Solution: Use timeouts and proper cleanup.

results = multi_thread(
    func,
    items,
    timeout=300,  # 5 minute timeout
    workers=4
)

Advanced Topics

Custom Worker Pools

from concurrent.futures import ThreadPoolExecutor
from speedy_utils.multi_worker.thread import _track_executor_threads

def custom_processing(items, workers=4):
    with ThreadPoolExecutor(max_workers=workers) as executor:
        _track_executor_threads(executor)  # Track for cleanup
        futures = [executor.submit(func, item) for item in items]
        return [f.result() for f in futures]

Async Integration

import asyncio
from speedy_utils import multi_thread

async def async_task(x):
    await asyncio.sleep(0.1)
    return x * 2

def run_async_tasks(items):
    async def main():
        return await asyncio.gather(*[async_task(x) for x in items])

    return asyncio.run(main())

# Run multiple async batches in parallel
batches = [items[i:i+10] for i in range(0, len(items), 10)]
results = multi_thread(run_async_tasks, batches, workers=4)

Large-Scale Dataset Processing

For processing large HuggingFace datasets or other big data, multi_process particularly shines when combined with data sharding patterns. See the dedicated dataset-processing-multiprocessing skill for:

  • Distributing datasets across workers via row ranges
  • Worker function architecture (imports, setup, cleanup)
  • Temporary file management during transformation
  • Integration with tokenizers, Megatron, format converters
  • Error resilience and graceful degradation
  • Merging partial results after parallel processing

Quick Example:

from speedy_utils import multi_process
from datasets import load_from_disk

def process_shard(args):
    shard_id, start_idx, end_idx, dataset_path = args
    ds = load_from_disk(dataset_path)
    # Process slice [start_idx:end_idx]
    transformed = [transform(ds[i]) for i in range(start_idx, end_idx)]
    # Save result to temp location
    return save_shard(transformed, shard_id)

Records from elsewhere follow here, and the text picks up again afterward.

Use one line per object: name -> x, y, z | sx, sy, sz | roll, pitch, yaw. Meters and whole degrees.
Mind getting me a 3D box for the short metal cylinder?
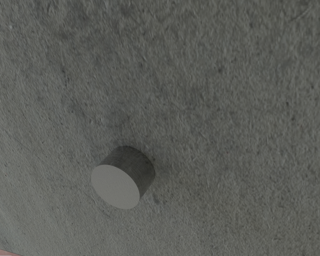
short metal cylinder -> -0.055, 0.074, 0.463 | 0.080, 0.050, 0.079 | 13, 124, 20
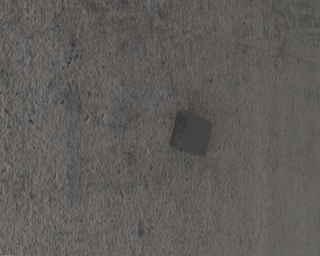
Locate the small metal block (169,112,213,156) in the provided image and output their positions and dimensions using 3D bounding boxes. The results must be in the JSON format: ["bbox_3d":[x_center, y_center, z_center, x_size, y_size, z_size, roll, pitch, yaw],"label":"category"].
[{"bbox_3d":[0.045,0.009,0.441,0.050,0.025,0.050,23,75,-38],"label":"small metal block"}]
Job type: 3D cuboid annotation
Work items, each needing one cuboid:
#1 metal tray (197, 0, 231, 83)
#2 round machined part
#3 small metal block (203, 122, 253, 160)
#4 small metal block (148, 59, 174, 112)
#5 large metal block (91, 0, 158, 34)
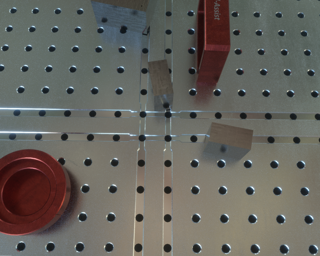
[{"bbox_3d":[0.071,-0.139,0.429,0.030,0.090,0.130,3,70,1],"label":"metal tray"},{"bbox_3d":[-0.156,0.078,0.372,0.099,0.042,0.098,0,70,-1],"label":"round machined part"},{"bbox_3d":[0.085,0.017,0.393,0.050,0.050,0.025,11,71,4],"label":"small metal block"},{"bbox_3d":[0.000,-0.056,0.419,0.025,0.050,0.050,-9,71,-4],"label":"small metal block"},{"bbox_3d":[-0.049,-0.199,0.470,0.080,0.050,0.080,13,70,4],"label":"large metal block"}]
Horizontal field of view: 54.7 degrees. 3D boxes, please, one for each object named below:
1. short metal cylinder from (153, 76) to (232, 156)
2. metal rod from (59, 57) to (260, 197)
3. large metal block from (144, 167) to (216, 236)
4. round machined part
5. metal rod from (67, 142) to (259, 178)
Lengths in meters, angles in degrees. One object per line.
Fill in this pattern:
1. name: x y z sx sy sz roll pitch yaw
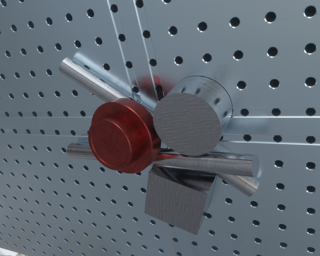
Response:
1. short metal cylinder: 0.039 -0.014 0.363 0.080 0.050 0.079 13 124 20
2. metal rod: -0.005 -0.005 0.410 0.301 0.025 0.025 33 129 5
3. large metal block: 0.028 0.090 0.432 0.080 0.050 0.079 18 126 17
4. round machined part: -0.051 0.015 0.391 0.098 0.042 0.097 14 117 29
5. metal rod: -0.020 0.038 0.420 0.300 0.025 0.025 1 119 35
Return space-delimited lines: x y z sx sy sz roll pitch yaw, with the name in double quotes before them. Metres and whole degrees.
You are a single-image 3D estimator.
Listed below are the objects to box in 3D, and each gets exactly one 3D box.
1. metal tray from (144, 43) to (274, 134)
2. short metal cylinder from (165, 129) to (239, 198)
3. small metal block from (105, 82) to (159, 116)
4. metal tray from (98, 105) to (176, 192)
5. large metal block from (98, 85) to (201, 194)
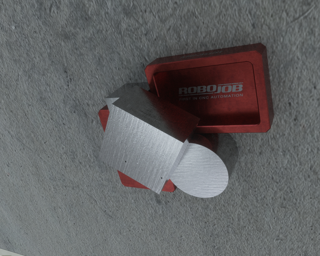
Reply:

# Distribute 100k rows across 4 workers
num_records = 100000
num_workers = 4
rows_per_worker = num_records // num_workers

worker_args = [
    (i, i*rows_per_worker, (i+1)*rows_per_worker, 'path/to/dataset')
    for i in range(num_workers)
]

shard_results = multi_process(process_shard, worker_args, workers=num_workers)
# Merge shard_results to get final dataset

References

This skill leverages the speedy_utils library's multi-worker implementations:

  • speedy_utils.multi_thread() - Advanced threading with batching, progress bars, and error handling
  • speedy_utils.multi_process() - Multi-processing with multiple backends (Ray, multiprocessing, threading)
  • speedy_utils.kill_all_thread() - Emergency thread cleanup
  • speedy_utils.cleanup_phantom_workers() - Process cleanup utilities

See the library's test files for additional examples and edge cases.